One of the things that came out of that discussion was that I sent this story on a little video clip to a few friends of mine that were close with my Uncle. I can't even tell you how many people responded that it was exactly the message they needed that day. They had personal dillemas and struggles, that some of them shared with me, others not. One even thought, I wondered what Mendy would tell me to do. And out of the blue they received my video and it was like a message from him. It opened up that door, that Mendy never would close.


This week's Parsha is Emor. It discusses the mitzva or more accurately the prohibition of Kohanim to come in contact with the dead. It seems like a strange and perhaps even uniquely Jewish prohibition. By most religions it is the priest that preforms the last rites and officiates the funeral. So to speak sends them off to the next world. As well, it seems strange that generally we view the Kohen as one who is always given more mitzvos than others. He is meant to be the intermediary between Klal Yisrael and Hashem, why isn't he there for this last special mitzva of burying the dead and accompanying the family.


The answer though is that the tumah that is associated with death, the Maharal and Rav Kook as well as many other commentaries explain come from the void created by the loss of the neshoma. There is a disconnect from Hashem. That exposure to our mortality and the finality of our lives creates a distance from Hashem. The process of coming back and purifying oneself from that is a personal one that requires a process of rebirth, the sprinkling of ashes of the parah aduma. It is there where the Kohen actually does get involved. For his role is to bring us back. The Kohen however in order to be able to do that, must always be in that state of purity himself.

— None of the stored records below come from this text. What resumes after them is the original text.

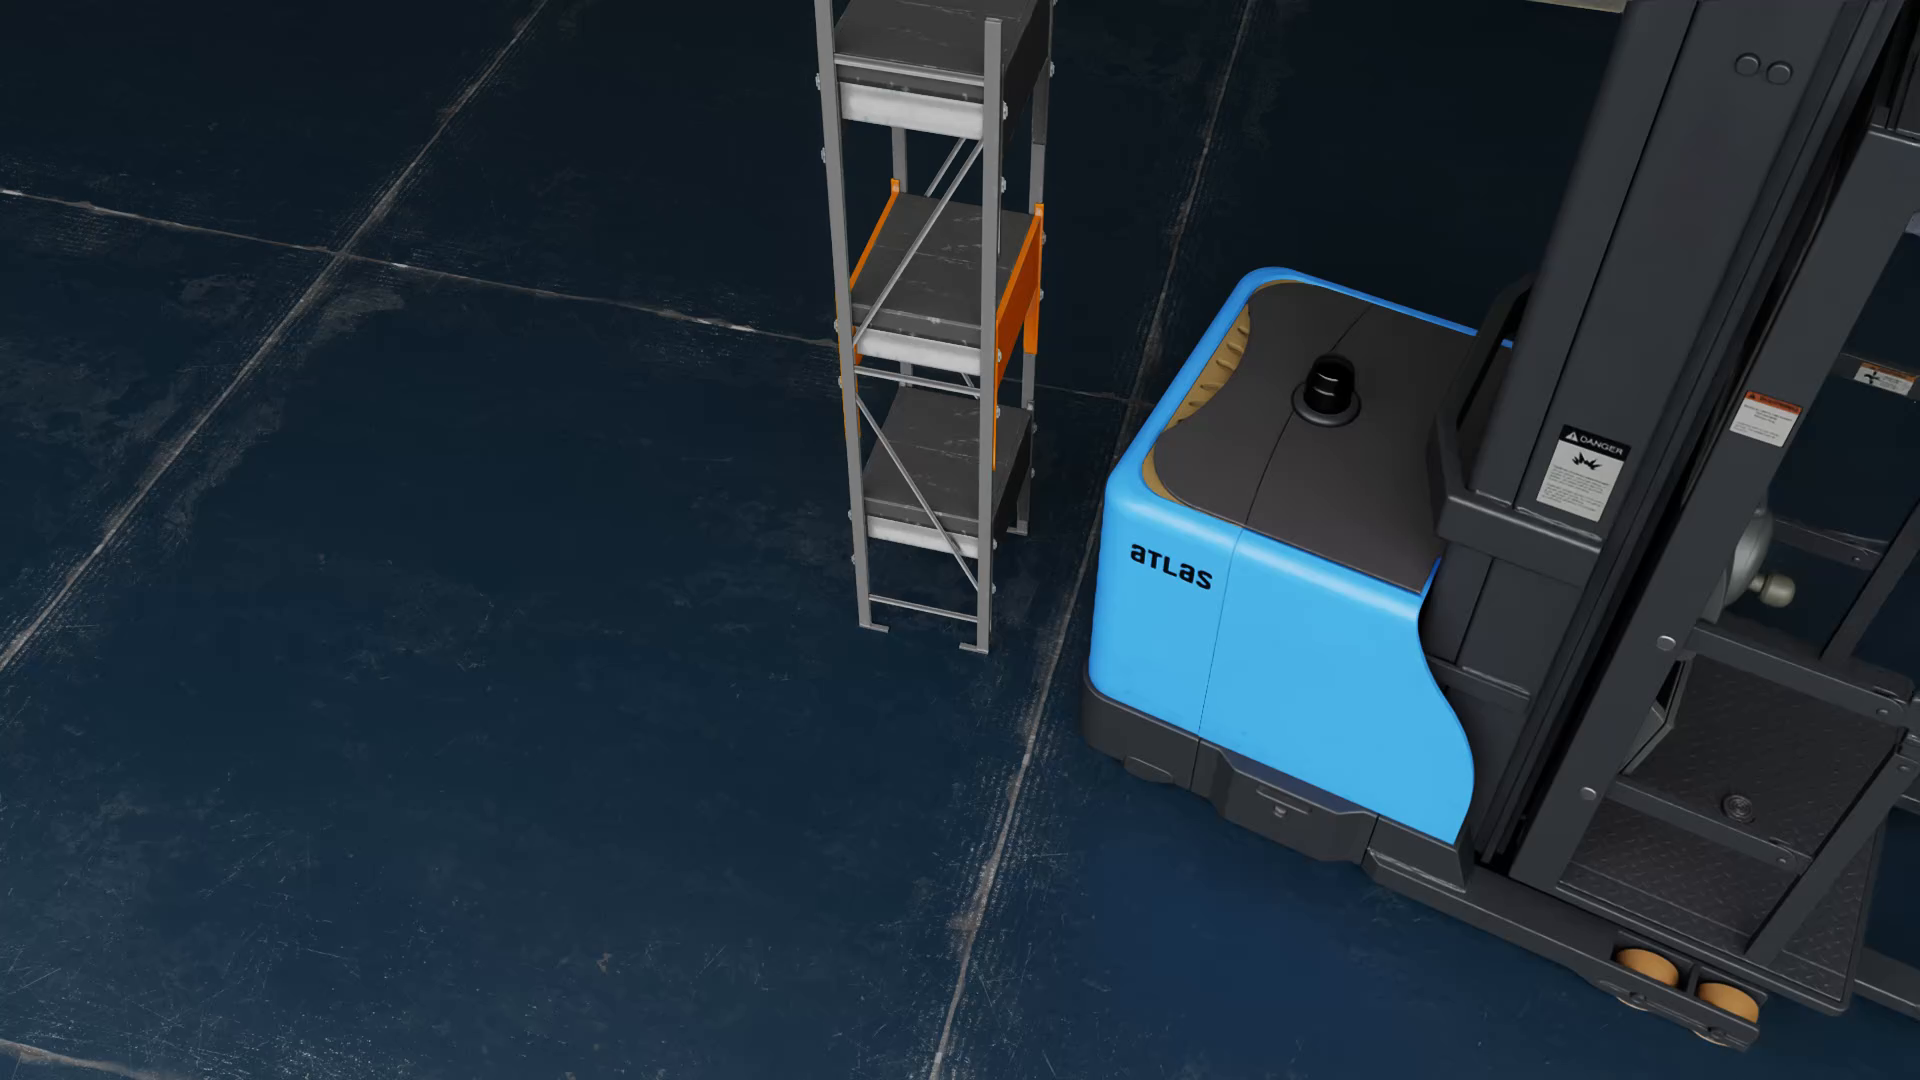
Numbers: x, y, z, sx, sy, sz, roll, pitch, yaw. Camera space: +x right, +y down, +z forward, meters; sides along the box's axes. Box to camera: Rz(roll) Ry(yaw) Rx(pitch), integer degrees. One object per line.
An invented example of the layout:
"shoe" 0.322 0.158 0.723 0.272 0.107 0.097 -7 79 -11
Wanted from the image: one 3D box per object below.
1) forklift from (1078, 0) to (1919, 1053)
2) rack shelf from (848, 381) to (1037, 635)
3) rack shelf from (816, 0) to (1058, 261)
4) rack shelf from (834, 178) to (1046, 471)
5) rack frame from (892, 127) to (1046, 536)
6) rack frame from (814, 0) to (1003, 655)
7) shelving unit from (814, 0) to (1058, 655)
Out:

Rav Sorotzkin notes that the Kohanim Aharon and his children of who experienced the death of their son and brothers Nadav and Avihu on the day and moment of their inauguration always had that balance in front of them. They symbolized the purity that stands free of the impurity. They were able to express the "va'yidom Aharon", the accepting of the fate and judgement of Hashem and yet remain in the mikdash and even eat sacrifices at that time. Klal Yisrael needs that pure pillar to turn to, and they have to always been in a state of purity to serve as the lighthouse that brings them home.


Yet there is a deeper concept as well. The world was not created with death. Adam was created to be immortal. Heaven and earth were eternal. Hashem was walking with us in his garden. Yet, when he sinned, death came into the world. Man became mortal. The world became contaminated and the sparks hidden and our role in life is to lift it up and purify the world, and reveal the godliness in it. When one dies, that job ends. We can no longer do or accomplish anymore. That spirit that connects us to that first sin and our exposure to it that we encounter when we come in contact with the dead, exposes us to tumah. The Kohen though, has been chosen to show us that death is not final. That we can transcend this world. That our exit from this world, is really just a birth into an eternal one. He has been sanctified by Hashem. He goes into the holy. And thus, every death enters one's soul into that holy state as well.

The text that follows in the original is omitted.